Exercise instructions:
Only lines containing "AGND" are wanted from the data below. Copy those lines.
=== Begin Enclosure ===
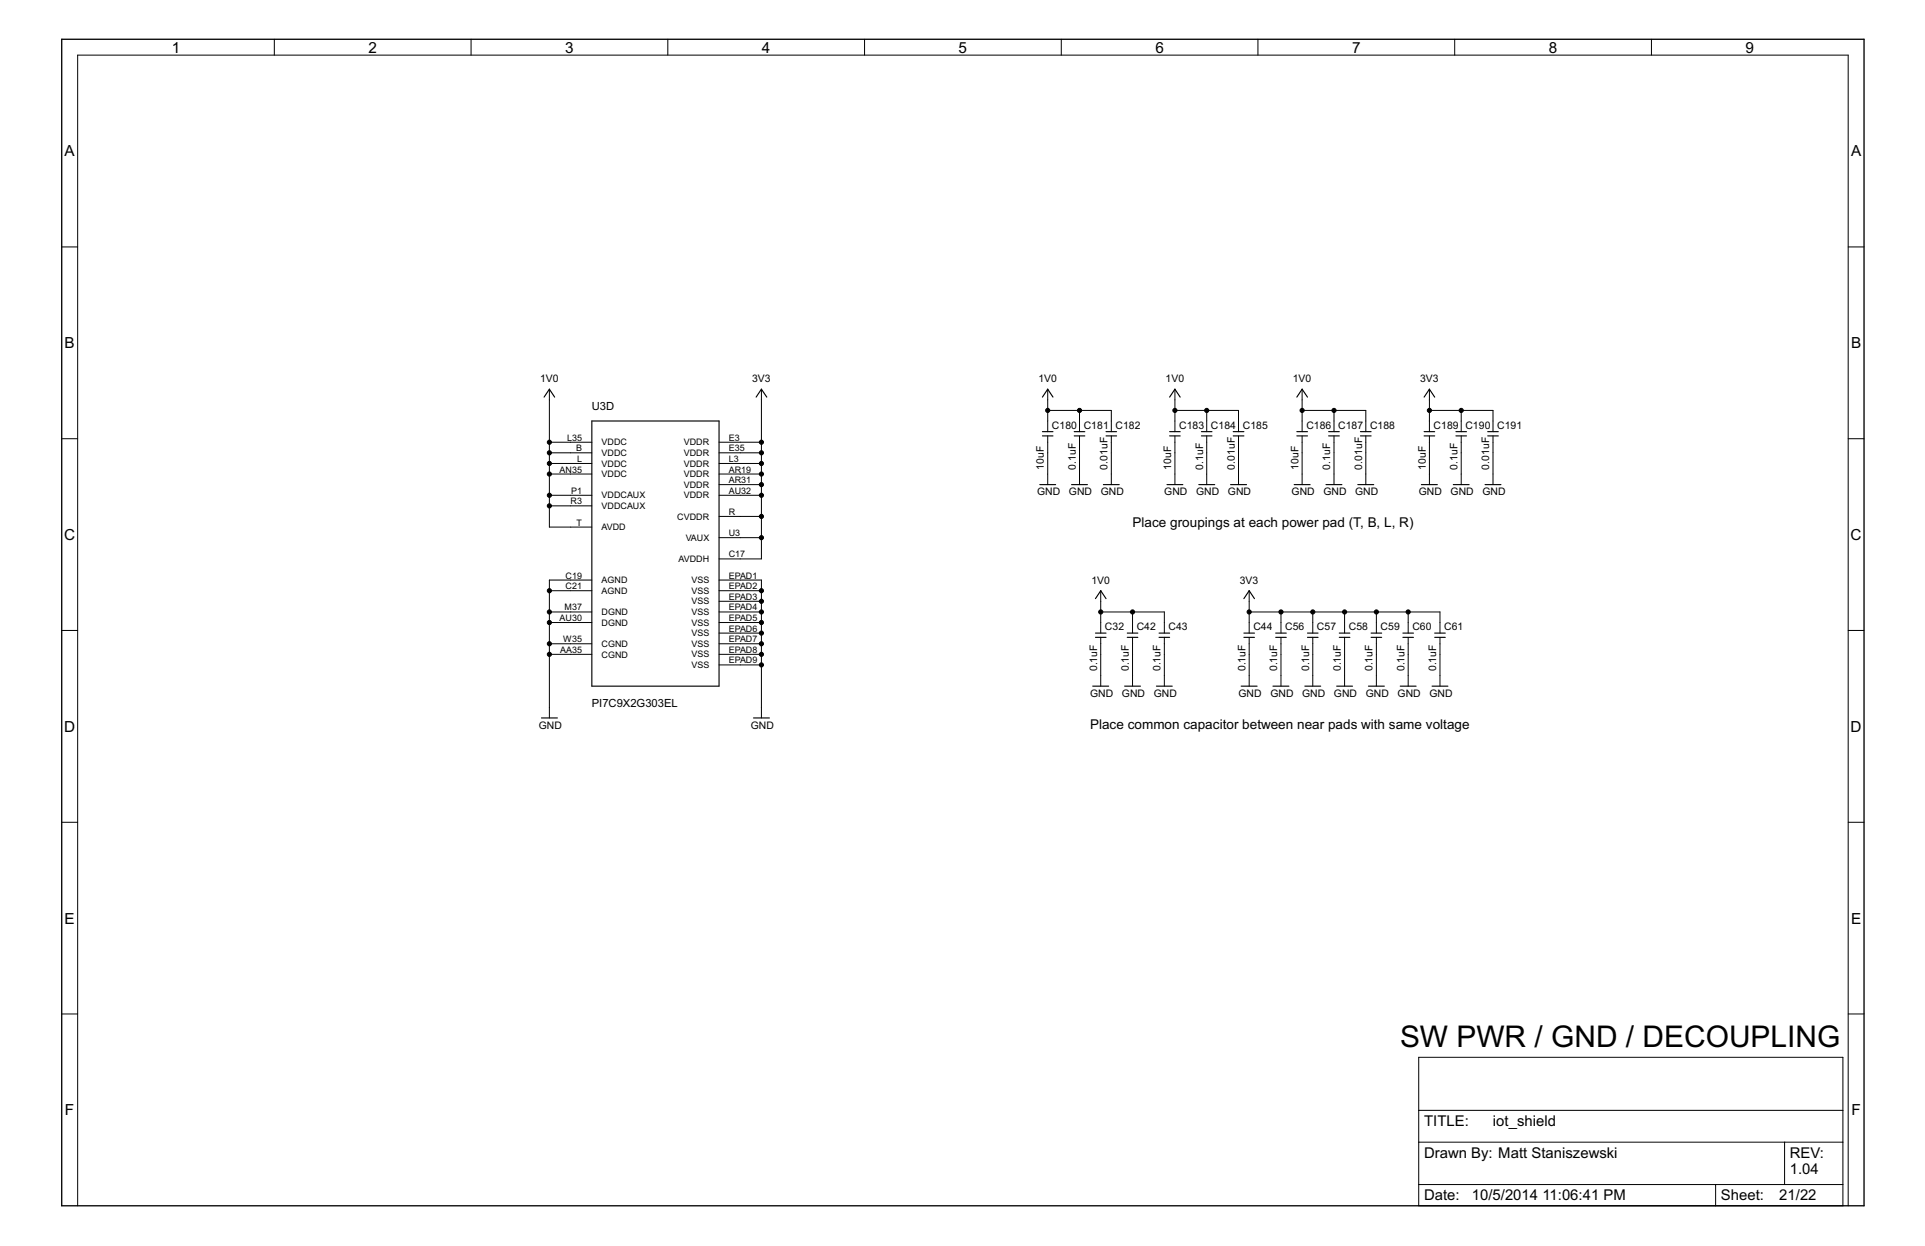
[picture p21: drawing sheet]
<svg xmlns="http://www.w3.org/2000/svg" width="432mm" height="279mm" viewBox="0 0 432 279" stroke-linecap="round" stroke-linejoin="round" font-family="sans-serif">
<defs><g id="words">
<text font-size="7.5" x="314.1" y="234.7">SW PWR / GND / DECOUPLING</text>
<g font-size="3.8">
<text x="38.5" y="11.8">1</text>
<text x="82.7" y="11.8">2</text>
<text x="126.8" y="11.8">3</text>
<text x="170.9" y="11.8">4</text>
<text x="215" y="11.8">5</text>
<text x="259.2" y="11.8">6</text>
<text x="303.3" y="11.8">7</text>
<text x="347.4" y="11.8">8</text>
<text x="391.5" y="11.8">9</text>
<text x="14.5" y="35.1">A</text>
<text x="415.2" y="35.1">A</text>
<text x="14.5" y="78.1">B</text>
<text x="415.2" y="78.1">B</text>
<text x="14.4" y="121.1">C</text>
<text x="415.1" y="121.1">C</text>
<text x="14.4" y="164.1">D</text>
<text x="415.1" y="164.1">D</text>
<text x="14.5" y="207.1">E</text>
<text x="415.2" y="207.1">E</text>
<text x="14.6" y="250.1">F</text>
<text x="415.3" y="250.1">F</text>
</g>
<g font-size="3.7">
<text x="319.4" y="252.5">TITLE:</text>
<text x="334.9" y="252.5">iot_shield</text>
<text x="319.4" y="259.7">Drawn By: Matt Staniszewski</text>
<text x="401.5" y="259.7">REV:</text>
<text x="401.5" y="263.2">1.04</text>
<text x="319.4" y="269.2">Date:</text>
<text x="330.1" y="269.2">10/5/2014</text>
<text x="346" y="269.2">11:06:41 PM</text>
<text x="386" y="269.2">Sheet:</text>
<text x="399.1" y="269.2">21/22</text>
</g>
<g font-size="3.4">
<text x="254" y="118.2">Place groupings at each power pad (T, B, L, R)</text>
<text x="244.5" y="163.4">Place common capacitor between near pads with same voltage</text>
</g>
<g font-size="2.8">
<text x="132.8" y="92">U3D</text>
<text x="132.8" y="158.6">PI7C9X2G303EL</text>
</g>
<g font-size="2.6">
<text x="121.1" y="85.7">1V0</text>
<text x="168.7" y="85.7">3V3</text>
<text x="232.9" y="85.7">1V0</text>
<text x="261.5" y="85.7">1V0</text>
<text x="290" y="85.7">1V0</text>
<text x="318.5" y="85.7">3V3</text>
<text x="236" y="96.2">C180</text>
<text x="243.1" y="96.2">C181</text>
<text x="250.2" y="96.2">C182</text>
<text x="264.5" y="96.2">C183</text>
<text x="271.6" y="96.2">C184</text>
<text x="278.8" y="96.2">C185</text>
<text x="293" y="96.2">C186</text>
<text x="300.2" y="96.2">C187</text>
<text x="307.3" y="96.2">C188</text>
<text x="321.6" y="96.2">C189</text>
<text x="328.7" y="96.2">C190</text>
<text x="335.8" y="96.2">C191</text>
<text x="234.2" y="105.3" transform="rotate(-90 234.2 105.3)">10uF</text>
<text x="241.3" y="105.3" transform="rotate(-90 241.3 105.3)">0.1uF</text>
<text x="248.4" y="105.3" transform="rotate(-90 248.4 105.3)">0.01uF</text>
<text x="262.7" y="105.3" transform="rotate(-90 262.7 105.3)">10uF</text>
<text x="269.9" y="105.3" transform="rotate(-90 269.9 105.3)">0.1uF</text>
<text x="277" y="105.3" transform="rotate(-90 277 105.3)">0.01uF</text>
<text x="291.3" y="105.3" transform="rotate(-90 291.3 105.3)">10uF</text>
<text x="298.4" y="105.3" transform="rotate(-90 298.4 105.3)">0.1uF</text>
<text x="305.5" y="105.3" transform="rotate(-90 305.5 105.3)">0.01uF</text>
<text x="319.8" y="105.3" transform="rotate(-90 319.8 105.3)">10uF</text>
<text x="326.9" y="105.3" transform="rotate(-90 326.9 105.3)">0.1uF</text>
<text x="334.1" y="105.3" transform="rotate(-90 334.1 105.3)">0.01uF</text>
<text x="232.6" y="111.1">GND</text>
<text x="239.8" y="111.1">GND</text>
<text x="246.9" y="111.1">GND</text>
<text x="261.2" y="111.1">GND</text>
<text x="268.3" y="111.1">GND</text>
<text x="275.4" y="111.1">GND</text>
<text x="289.7" y="111.1">GND</text>
<text x="296.8" y="111.1">GND</text>
<text x="304" y="111.1">GND</text>
<text x="318.2" y="111.1">GND</text>
<text x="325.4" y="111.1">GND</text>
<text x="332.5" y="111.1">GND</text>
<text x="244.8" y="130.9">1V0</text>
<text x="278.1" y="130.9">3V3</text>
<text x="247.9" y="141.4">C32</text>
<text x="255" y="141.4">C42</text>
<text x="262.1" y="141.4">C43</text>
<text x="281.1" y="141.4">C44</text>
<text x="288.3" y="141.4">C56</text>
<text x="295.4" y="141.4">C57</text>
<text x="302.6" y="141.4">C58</text>
<text x="309.7" y="141.4">C59</text>
<text x="316.8" y="141.4">C60</text>
<text x="324" y="141.4">C61</text>
<text x="246.1" y="150.5" transform="rotate(-90 246.1 150.5)">0.1uF</text>
<text x="253.2" y="150.5" transform="rotate(-90 253.2 150.5)">0.1uF</text>
<text x="260.3" y="150.5" transform="rotate(-90 260.3 150.5)">0.1uF</text>
<text x="279.4" y="150.5" transform="rotate(-90 279.4 150.5)">0.1uF</text>
<text x="286.5" y="150.5" transform="rotate(-90 286.5 150.5)">0.1uF</text>
<text x="293.6" y="150.5" transform="rotate(-90 293.6 150.5)">0.1uF</text>
<text x="300.8" y="150.5" transform="rotate(-90 300.8 150.5)">0.1uF</text>
<text x="307.9" y="150.5" transform="rotate(-90 307.9 150.5)">0.1uF</text>
<text x="315" y="150.5" transform="rotate(-90 315 150.5)">0.1uF</text>
<text x="322.2" y="150.5" transform="rotate(-90 322.2 150.5)">0.1uF</text>
<text x="244.5" y="156.2">GND</text>
<text x="251.7" y="156.2">GND</text>
<text x="258.8" y="156.2">GND</text>
<text x="277.8" y="156.2">GND</text>
<text x="285" y="156.2">GND</text>
<text x="292.1" y="156.2">GND</text>
<text x="299.2" y="156.2">GND</text>
<text x="306.4" y="156.2">GND</text>
<text x="313.5" y="156.2">GND</text>
<text x="320.6" y="156.2">GND</text>
<text x="120.9" y="163.4">GND</text>
<text x="168.4" y="163.4">GND</text>
</g>
<g font-size="2.2">
<text x="127.2" y="98.8">L35</text>
<text x="129.2" y="101.2">B</text>
<text x="134.9" y="99.9">VDDC</text>
<text x="153.4" y="99.9">VDDR</text>
<text x="163.5" y="98.8">E3</text>
<text x="163.5" y="101.2">E35</text>
<text x="125.5" y="106">AN35</text>
<text x="129.4" y="103.6">L</text>
<text x="134.9" y="102.3">VDDC</text>
<text x="134.9" y="104.6">VDDC</text>
<text x="134.9" y="107">VDDC</text>
<text x="153.4" y="102.2">VDDR</text>
<text x="153.4" y="104.6">VDDR</text>
<text x="153.4" y="107">VDDR</text>
<text x="163.5" y="103.6">L3</text>
<text x="163.5" y="106">AR19</text>
<text x="128" y="113.1">R3</text>
<text x="128.1" y="110.7">P1</text>
<text x="134.9" y="111.8">VDDCAUX</text>
<text x="153.4" y="109.4">VDDR</text>
<text x="153.4" y="111.8">VDDR</text>
<text x="163.5" y="108.3">AR31</text>
<text x="163.5" y="110.7">AU32</text>
<text x="129.3" y="117.9">T</text>
<text x="134.9" y="114.1">VDDCAUX</text>
<text x="134.9" y="118.9">AVDD</text>
<text x="151.9" y="116.5">CVDDR</text>
<text x="163.5" y="115.5">R</text>
<text x="153.8" y="121.3">VAUX</text>
<text x="163.5" y="120.2">U3</text>
<text x="163.5" y="125">C17</text>
<text x="126.9" y="129.7">C19</text>
<text x="134.9" y="130.8">AGND</text>
<text x="152.2" y="126">AVDDH</text>
<text x="155.1" y="130.8">VSS</text>
<text x="163.5" y="129.7">EPAD1</text>
<text x="126.6" y="136.9">M37</text>
<text x="126.9" y="132.1">C21</text>
<text x="134.9" y="133.2">AGND</text>
<text x="134.9" y="137.9">DGND</text>
<text x="155.1" y="133.2">VSS</text>
<text x="155.1" y="135.5">VSS</text>
<text x="155.1" y="137.9">VSS</text>
<text x="163.5" y="132.1">EPAD2</text>
<text x="163.5" y="134.5">EPAD3</text>
<text x="163.5" y="136.9">EPAD4</text>
<text x="125.5" y="139.3">AU30</text>
<text x="134.9" y="140.3">DGND</text>
<text x="155.1" y="140.3">VSS</text>
<text x="155.1" y="142.7">VSS</text>
<text x="163.5" y="139.3">EPAD5</text>
<text x="163.5" y="141.6">EPAD6</text>
<text x="125.7" y="146.4">AA35</text>
<text x="126.3" y="144">W35</text>
<text x="134.9" y="145.1">CGND</text>
<text x="134.9" y="147.4">CGND</text>
<text x="155.1" y="145.1">VSS</text>
<text x="155.1" y="147.4">VSS</text>
<text x="155.1" y="149.8">VSS</text>
<text x="163.5" y="144">EPAD7</text>
<text x="163.5" y="146.4">EPAD8</text>
<text x="163.5" y="148.8">EPAD9</text>
</g>
</g></defs>
<g fill="none" stroke="#000" stroke-width=".22">
<path d="M61.5 8.8v3.6M105.7 8.8v3.6M149.8 8.8v3.6M193.9 8.8v3.6M238.1 8.8v3.6M282.2 8.8v3.6M326.3 8.8v3.6M370.4 8.8v3.6M13.8 55.4h3.6M414.6 55.4h3.5M13.8 98.4h3.6M123.2 87.3v30.9h9.6"/>
<path d="M123.2 99.2h9.6M161.3 99.2h9.5M170.8 87.3v38h-9.5M235 87.3v9.5M235 97.7v11M235 92h14.3v4.8M242.1 92v4.8M242.1 97.7v11M249.3 97.7v11M263.5 87.3v9.5M263.5 97.7v11M263.5 92h14.3v4.8"/>
<path d="M270.7 92v4.8M270.7 97.7v11M277.8 97.7v11M292.1 87.3v9.5M292.1 97.7v11M292.1 92h14.3v4.8M299.2 92v4.8M299.2 97.7v11M306.4 97.7v11M320.6 87.3v9.5M320.6 97.7v11M320.6 92h14.3v4.8"/>
<path d="M327.8 92v4.8M327.8 97.7v11M334.9 97.7v11M414.6 98.4h3.5M123.2 101.5h9.6M123.2 103.9h9.6M123.2 106.3h9.6M123.2 111.1h9.6M123.2 113.4h9.6M161.3 101.5h9.5M161.3 103.9h9.5M161.3 106.3h9.5"/>
<path d="M161.3 108.7h9.5M161.3 111.1h9.5M161.3 115.8h9.5M123.2 132.5h9.6M123.2 137.2h9.6M123.2 139.6h9.6M132.8 130.1h-9.6v30.9M161.3 130.1h9.5v30.9M161.3 120.6h9.5M161.3 132.5h9.5M161.3 137.2h9.5M161.3 139.6h9.5"/>
<path d="M161.3 134.8h9.5M246.9 137.2h14.3v4.8M246.9 132.5v9.5M254 137.2v4.8M280.2 137.2h42.8v4.8M280.2 132.5v9.5M287.3 137.2v4.8M294.5 137.2v4.8M301.6 137.2v4.8M308.7 137.2v4.8M315.9 137.2v4.8M13.8 141.4h3.6"/>
<path d="M123.2 144.4h9.6M123.2 146.7h9.6M161.3 144.4h9.5M161.3 146.7h9.5M161.3 142h9.5M161.3 149.1h9.5M246.9 142.9v11M254 142.9v11M261.2 142.9v11M280.2 142.9v11M287.3 142.9v11M294.5 142.9v11"/>
<path d="M301.6 142.9v11M308.7 142.9v11M315.9 142.9v11M323 142.9v11M414.6 141.4h3.5M13.8 184.4h3.6M414.6 184.4h3.5M13.8 227.4h3.6M318.2 237.1h95.2v33.3h-95.2zM414.6 227.4h3.5M318.2 256.1h95.2M318.2 249h95.2"/>
<path d="M400.3 256.1v9.5M17.4 270.4v-258h397.2v258M318.2 265.6h95.2M384.8 265.6v4.8"/>
</g>
<path d="M13.8 8.8h404.3v261.6h-404.3z" fill="none" stroke="#000" stroke-width=".3"/>
<g fill="none" stroke="#000" stroke-width=".25">
<path d="M122 89l1.2-1.7 1.2 1.7M132.8 94.4h28.5v59.5h-28.5zM169.6 89l1.2-1.7 1.2 1.7M233.8 96.8h2.4M233.8 97.7h2.4M233.8 89l1.2-1.7 1.2 1.7M241 96.8h2.3M241 97.7h2.3M248.1 96.8h2.4M248.1 97.7h2.4M262.4 96.8h2.3M262.4 97.7h2.3"/>
<path d="M262.4 89l1.1-1.7 1.2 1.7M269.5 96.8h2.4M269.5 97.7h2.4M276.6 96.8h2.4M276.6 97.7h2.4M290.9 96.8h2.4M290.9 97.7h2.4M290.9 89l1.2-1.7 1.2 1.7M298 96.8h2.4M298 97.7h2.4M305.2 96.8h2.4M305.2 97.7h2.4"/>
<path d="M319.4 96.8h2.4M319.4 97.7h2.4M319.4 89l1.2-1.7 1.2 1.7M326.6 96.8h2.4M326.6 97.7h2.4M333.7 96.8h2.4M333.7 97.7h2.4M233.2 108.7h3.6M240.4 108.7h3.5M247.5 108.7h3.6M261.8 108.7h3.5M268.9 108.7h3.6"/>
<path d="M276 108.7h3.6M290.3 108.7h3.6M297.4 108.7h3.6M304.6 108.7h3.5M318.8 108.7h3.6M326 108.7h3.5M333.1 108.7h3.6M245.7 134.2l1.2-1.7 1.2 1.7M279 134.2l1.2-1.7 1.2 1.7M245.1 153.9h3.6M245.7 142h2.4M245.7 142.9h2.4"/>
<path d="M252.3 153.9h3.5M252.9 142h2.3M252.9 142.9h2.3M259.4 153.9h3.6M260 142h2.4M260 142.9h2.4M278.4 153.9h3.6M279 142h2.4M279 142.9h2.4M285.5 153.9h3.6M286.2 142h2.3M286.2 142.9h2.3"/>
<path d="M292.7 153.9h3.5M293.3 142h2.4M293.3 142.9h2.4M299.8 153.9h3.6M300.4 142h2.4M300.4 142.9h2.4M307 153.9h3.5M307.6 142h2.3M307.6 142.9h2.3M314.1 153.9h3.5M314.7 142h2.4M314.7 142.9h2.4"/>
<path d="M321.2 153.9h3.6M321.8 142h2.4M321.8 142.9h2.4M121.5 161h3.5M169 161h3.6"/>
</g>
<g fill="#000" stroke="#000" stroke-width=".22">
<circle cx="123.2" cy="99.2" r=".47"/>
<circle cx="170.8" cy="99.2" r=".47"/>
<circle cx="235" cy="92" r=".47"/>
<circle cx="242.1" cy="92" r=".47"/>
<circle cx="263.5" cy="92" r=".47"/>
<circle cx="270.7" cy="92" r=".47"/>
<circle cx="292.1" cy="92" r=".47"/>
<circle cx="299.2" cy="92" r=".47"/>
<circle cx="320.6" cy="92" r=".47"/>
<circle cx="327.8" cy="92" r=".47"/>
<circle cx="123.2" cy="101.5" r=".47"/>
<circle cx="123.2" cy="103.9" r=".47"/>
<circle cx="123.2" cy="111.1" r=".47"/>
<circle cx="123.2" cy="106.3" r=".47"/>
<circle cx="123.2" cy="113.4" r=".47"/>
<circle cx="170.8" cy="103.9" r=".47"/>
<circle cx="170.8" cy="101.5" r=".47"/>
<circle cx="170.8" cy="106.3" r=".47"/>
<circle cx="170.8" cy="111.1" r=".47"/>
<circle cx="170.8" cy="115.8" r=".47"/>
<circle cx="170.8" cy="108.7" r=".47"/>
<circle cx="123.2" cy="137.2" r=".47"/>
<circle cx="123.2" cy="139.6" r=".47"/>
<circle cx="123.2" cy="132.5" r=".47"/>
<circle cx="170.8" cy="137.2" r=".47"/>
<circle cx="170.8" cy="120.6" r=".47"/>
<circle cx="170.8" cy="132.5" r=".47"/>
<circle cx="170.8" cy="139.6" r=".47"/>
<circle cx="170.8" cy="134.8" r=".47"/>
<circle cx="246.9" cy="137.2" r=".47"/>
<circle cx="254" cy="137.2" r=".47"/>
<circle cx="280.2" cy="137.2" r=".47"/>
<circle cx="287.3" cy="137.2" r=".47"/>
<circle cx="294.5" cy="137.2" r=".47"/>
<circle cx="301.6" cy="137.2" r=".47"/>
<circle cx="308.7" cy="137.2" r=".47"/>
<circle cx="315.9" cy="137.2" r=".47"/>
<circle cx="123.2" cy="146.7" r=".47"/>
<circle cx="123.2" cy="144.4" r=".47"/>
<circle cx="170.8" cy="142" r=".47"/>
<circle cx="170.8" cy="146.7" r=".47"/>
<circle cx="170.8" cy="149.1" r=".47"/>
<circle cx="170.8" cy="144.4" r=".47"/>
</g>
<use href="#words"/>
</svg>
=== End Enclosure ===
Task response:
<text x="134.9" y="130.8">AGND</text>
<text x="134.9" y="133.2">AGND</text>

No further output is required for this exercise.